Was the scope of the assignment discussed at the time you were told to float? When our disaster planning went into effect in the ICU, part of the management plan was for an ICU nurse to be paired up with 2-3 med/surg nurses as a team. The ICU nurse was going to be responsible for direct patient care and assessments in the COVID rooms, but the med-surg nurses would be handling med-surg appropriate medications and infusions, and would be doing things like titrating pressors and sedation under direct supervision of the RN. Was there any similar arrangement in your hospital? Or were you possibly going to take step-down level of care patients that were boarding in the ICU? That has also happened in our unit in the past. Without more details it's hard to know the exact situation you may have been put in. 

Regardless of those details, being told to watch Youtube videos is a completely inappropriate response from the nurse manager and I'm sorry that was even suggested. To state that you're putting your license at risk every day on a unit where you have been appropriately trained is also a ridiculous response. If you continue to receive similar treatment, you might explore other options.

46 minutes ago, missnursingstudent19 said:

On my unit we don’t have ventilator patients, and the most invasive lines we have our CVLs. No arterial lines. Also no insulin drips, no levophed, no sedative drips. There’s just a lot of ICU things that I’ve never dealt with before.

I've been floated "up" (psych to tele) and out of ratio lately, and while I've been concerned, I've been cooperative. Normally, I would not be.

I don't have ACLS and haven't passed a test on rhythms since nursing school, but I feel like I know just enough and have just enough support to handle most of what may come my way.

If I were given titrated drips and vents and other things that I felt were way over my head, I would have to respectfully refuse the assignment (while offering to help in the capacity I was able to). I'd also expect to lose my job, or at least be made very uncomfortable.
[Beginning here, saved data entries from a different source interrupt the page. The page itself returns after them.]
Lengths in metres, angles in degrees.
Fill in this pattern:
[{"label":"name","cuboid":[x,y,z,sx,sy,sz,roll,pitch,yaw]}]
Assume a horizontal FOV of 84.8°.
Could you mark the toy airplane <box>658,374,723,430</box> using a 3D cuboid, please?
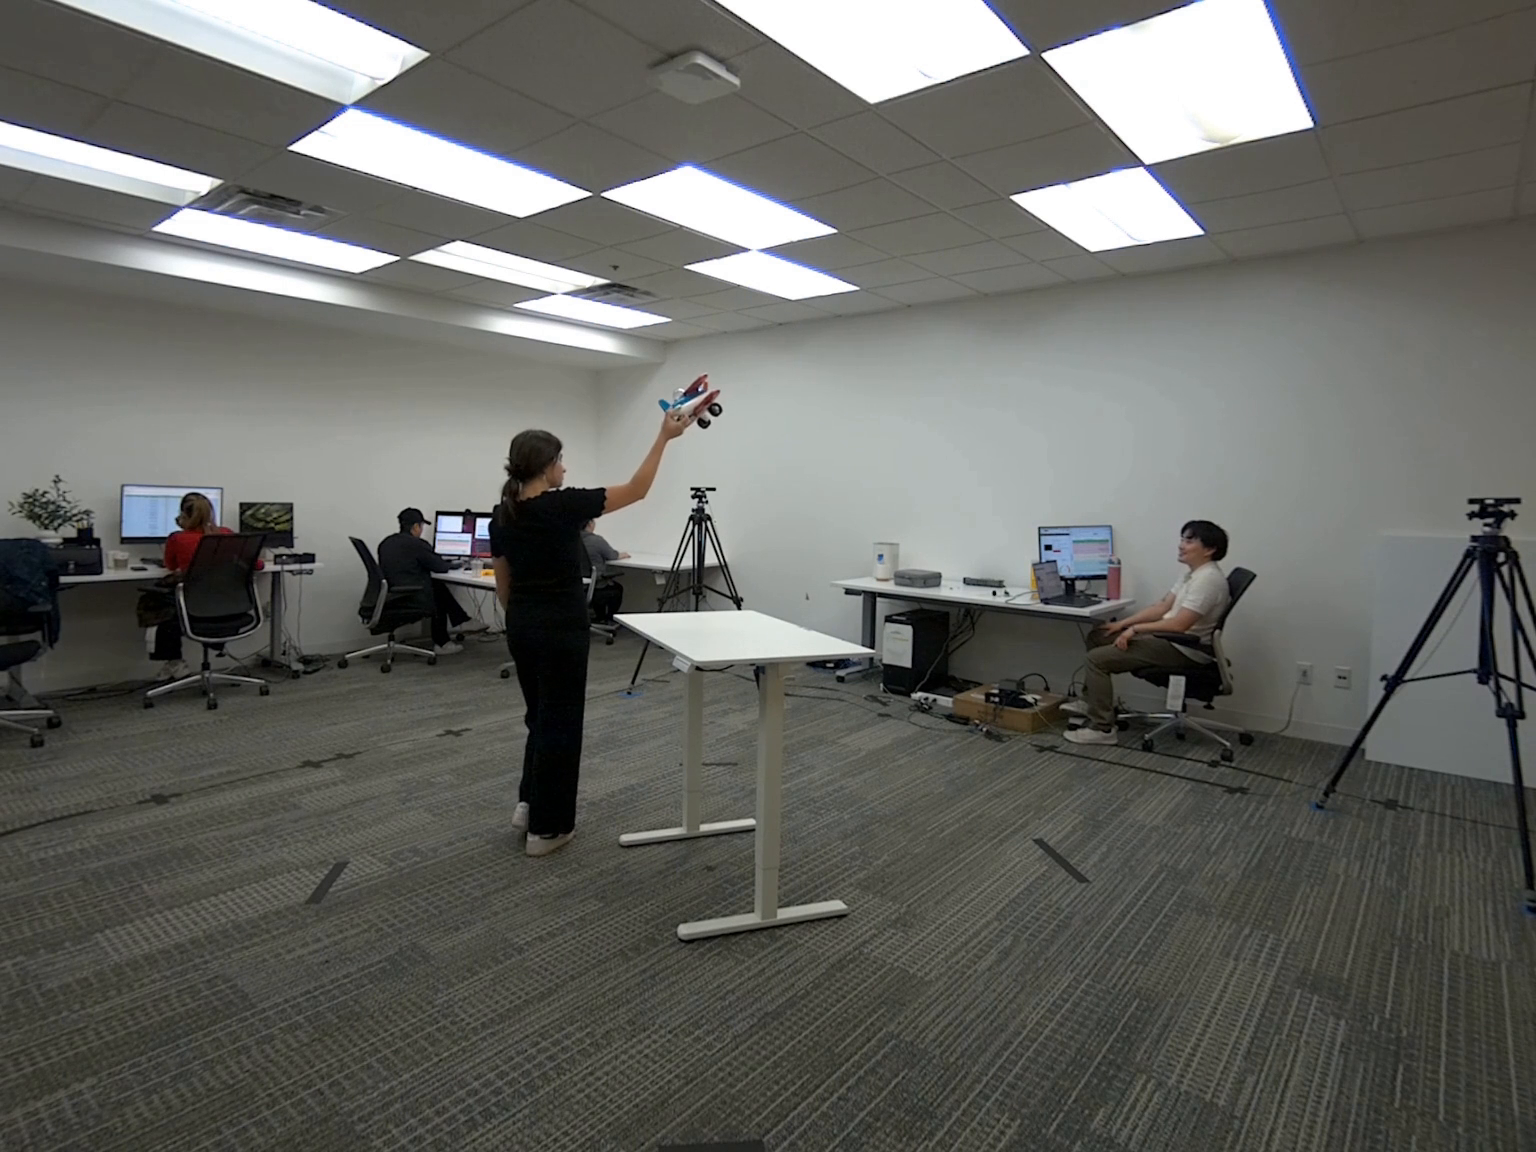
[{"label":"toy airplane","cuboid":[-0.310,-0.671,3.329,0.252,0.159,0.253,-32,-11,16]}]

This may be a case where there is no "good" choice. Just pick the option you can live with.

Specializes in Pediatrics, Pediatric Float, PICU, NICU.

The real issue here that would have me looking at other jobs isn't that you were floated to ICU - as others have mentioned we don't know enough details. The assignment could have still been appropriate acuity but there just wasn't bed space to move them to stepdown or acute care, for instance. Also we are living in "unprecedented" times these days where adjustments are being made.

The issue that would have me looking at other jobs is the fact that when you expressed concern, you were told "“go home and watch Youtube videos." That would have me running the other way.

Specializes in M/S, LTC, home care, corrections and psych.

The only job security you will ever have is in your own ability to work within your scope of practice and take care of your own license. And the statement of "go home and watch Youtube videos" smacks of hostile work environment and should not be tolerated.